Artificial Intelligence ‘better than doctors’ at accurately judging eye problems
The clinical knowledge and reasoning skills of the ever improving technology are already approaching the level of specialist eye doctors, say University of Cambridge scientists
Artificial Intelligence is better than doctors in accurately assessing eye problems, according to new research.
The clinical knowledge and reasoning skills of the ever improving technology are already approaching the level of specialist eye doctors, say University of Cambridge scientists. GPT-4 – a ‘large AI language model’ – was tested against medics at different stages in their careers, including unspecialised junior doctors, as well as trainee and expert eye doctors.

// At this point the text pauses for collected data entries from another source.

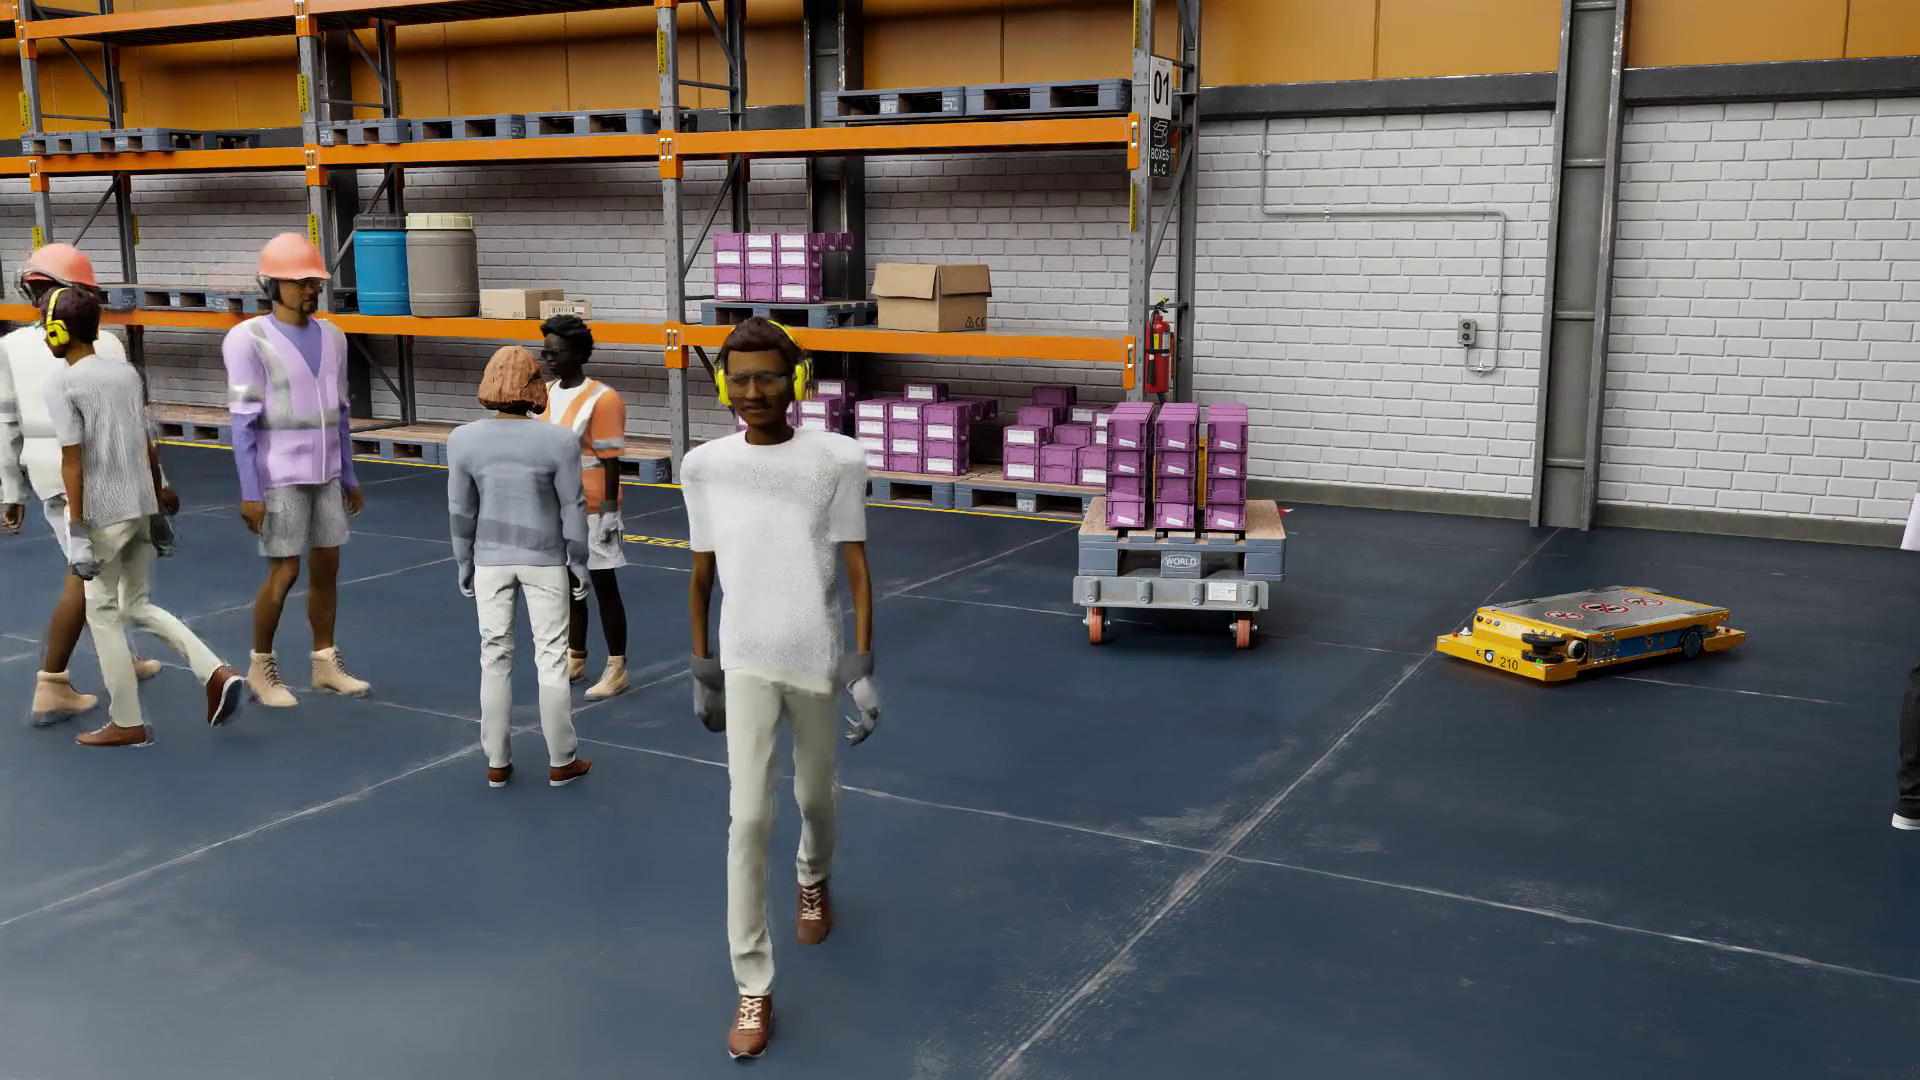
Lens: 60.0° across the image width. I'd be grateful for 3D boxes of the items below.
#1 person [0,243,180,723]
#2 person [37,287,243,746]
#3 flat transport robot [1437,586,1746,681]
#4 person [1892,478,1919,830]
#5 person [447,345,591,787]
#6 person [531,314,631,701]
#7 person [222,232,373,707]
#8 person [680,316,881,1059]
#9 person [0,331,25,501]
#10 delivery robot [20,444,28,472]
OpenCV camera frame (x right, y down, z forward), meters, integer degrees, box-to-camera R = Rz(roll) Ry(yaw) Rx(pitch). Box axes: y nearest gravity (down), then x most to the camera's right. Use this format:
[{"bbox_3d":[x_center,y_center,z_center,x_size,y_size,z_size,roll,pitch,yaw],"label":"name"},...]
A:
[{"bbox_3d":[-3.763,-0.254,7.132,0.652,2.010,0.890,3,11,16],"label":"person"},{"bbox_3d":[-3.255,-0.072,6.549,0.625,1.841,0.529,2,10,8],"label":"person"},{"bbox_3d":[3.069,0.432,8.056,1.431,0.197,0.652,-6,12,-30],"label":"flat transport robot"},{"bbox_3d":[3.326,0.084,5.449,0.392,1.920,0.593,1,10,7],"label":"person"},{"bbox_3d":[-1.608,0.104,6.117,0.506,1.633,0.279,0,10,0],"label":"person"},{"bbox_3d":[-1.686,-0.143,7.325,0.537,1.691,0.317,7,12,33],"label":"person"},{"bbox_3d":[-2.836,-0.288,7.166,0.408,2.049,0.614,5,11,25],"label":"person"},{"bbox_3d":[-0.467,0.321,4.425,0.518,1.825,0.920,0,10,-3],"label":"person"},{"bbox_3d":[-7.513,-1.214,12.757,0.392,1.847,0.563,-7,13,-34],"label":"person"},{"bbox_3d":[-7.636,-0.768,13.598,0.707,0.478,0.477,-1,10,-7],"label":"delivery robot"}]
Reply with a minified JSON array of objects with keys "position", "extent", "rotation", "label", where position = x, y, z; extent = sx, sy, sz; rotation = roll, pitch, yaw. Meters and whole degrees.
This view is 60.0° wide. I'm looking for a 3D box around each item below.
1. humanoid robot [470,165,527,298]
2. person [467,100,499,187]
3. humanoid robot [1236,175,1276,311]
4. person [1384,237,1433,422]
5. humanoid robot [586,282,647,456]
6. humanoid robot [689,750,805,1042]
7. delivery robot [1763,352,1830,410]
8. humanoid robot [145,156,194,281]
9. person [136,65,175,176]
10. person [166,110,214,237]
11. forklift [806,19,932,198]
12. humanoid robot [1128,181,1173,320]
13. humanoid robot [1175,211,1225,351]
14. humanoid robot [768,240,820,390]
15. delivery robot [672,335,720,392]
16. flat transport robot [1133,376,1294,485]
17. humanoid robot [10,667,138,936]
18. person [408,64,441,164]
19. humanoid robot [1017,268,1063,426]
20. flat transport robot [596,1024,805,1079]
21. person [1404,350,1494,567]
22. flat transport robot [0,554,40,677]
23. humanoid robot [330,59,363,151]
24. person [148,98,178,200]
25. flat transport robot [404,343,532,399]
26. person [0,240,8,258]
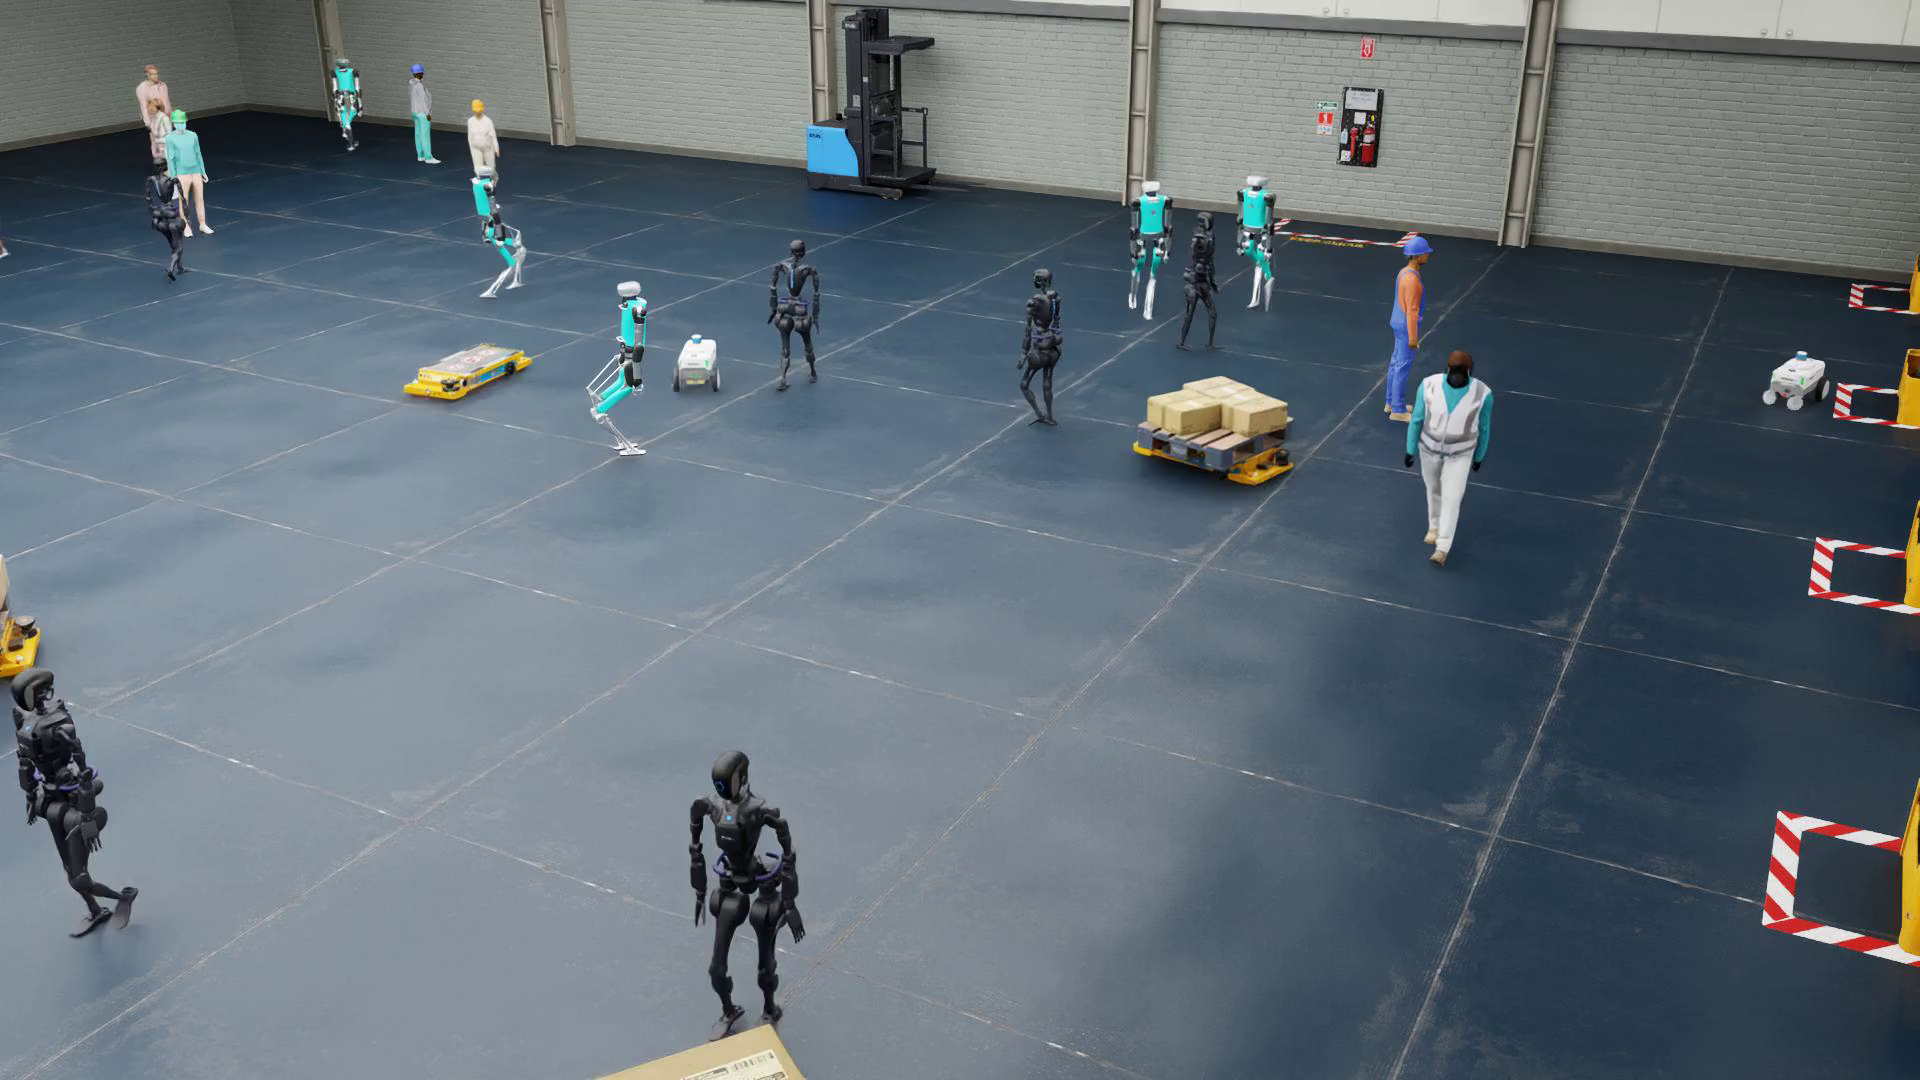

Each was presented with a series of 87 patient scenarios involving a specific eye problem, and asked to give a diagnosis or advise on treatment by selecting from four options. GPT-4 scored “significantly better” in the test than unspecialised junior doctors, who are comparable to general practitioners (GPs) in their level of specialist eye knowledge.
The findings, published in the journal PLOS Digital Health, also showed that GPT-4 gained similar scores to trainee and expert eye doctors – although the top performing doctors scored higher. The Cambridge research team say that large language models aren’t likely to replace healthcare professionals, but have potential to improve healthcare as part of the clinical workflow.
The researchers believe that state-of-the-art large language models such as GPT-4 could be useful for providing eye-related advice, diagnosis, and management suggestions in “well-controlled contexts” such as triaging patients, or where access to specialist healthcare professionals is limited. Study lead author said Dr Arun Thirunavukarasu said: “We could realistically deploy AI in triaging patients with eye issues to decide which cases are emergencies that need to be seen by a specialist immediately, which can be seen by a GP, and which don’t need treatment.
“The models could follow clear algorithms already in use, and we’ve found that GPT-4 is as good as expert clinicians at processing eye symptoms and signs to answer more complicated questions. With further development, large language models could also advise GPs who are struggling to get prompt advice from eye doctors. People in the UK are waiting longer than ever for eye care.
“Large volumes of clinical text are needed to help fine-tune and develop these models, and work is ongoing around the world to facilitate this.” The team say the research is “superior” to previous studies because they compared the abilities of AI to practicing doctors, rather than to sets of examination results.
Dr Thirunavukarasu, now an Academic Foundation Doctor at Oxford University Hospitals NHS Foundation Trust, said: “Doctors aren’t revising for exams for their whole career. We wanted to see how AI fared when pitted against to the on-the-spot knowledge and abilities of practicing doctors, to provide a fair comparison.”
He added: “We also need to characterise the capabilities and limitations of commercially available models, as patients may already be using them – rather than the internet – for advice.”
The test included questions about several eye health issues – including extreme light sensitivity, decreased vision, lesions, itchy and painful eyes – taken from a textbook used to test trainee eye doctors. The textbook is not freely available on the internet, making it unlikely that its content was included in GPT-4’s training datasets.
Dr Thirunavukarasu said: “Even taking the future use of AI into account, I think doctors will continue to be in charge of patient care. The most important thing is to empower patients to decide whether they want computer systems to be involved or not. That will be an individual decision for each patient to make.” GPT-4 and GPT-3.5 or ‘Generative Pre-trained Transformers’ – are trained on datasets containing hundreds of billions of words from articles, books, and other internet sources.
GPT-4 powers the online chatbot ChatGPT to provide “bespoke” responses to human queries. ChatGPT has recently attracted significant attention in medicine for attaining passing level performance in medical school examinations, and providing more accurate and empathetic messages than human doctors in response to patient queries.
The researchers pointed out that the field of artificially intelligent large language models is moving “very rapidly” and, since the study was conducted, more advanced models have been released – which may be even closer to the level of expert eye doctors.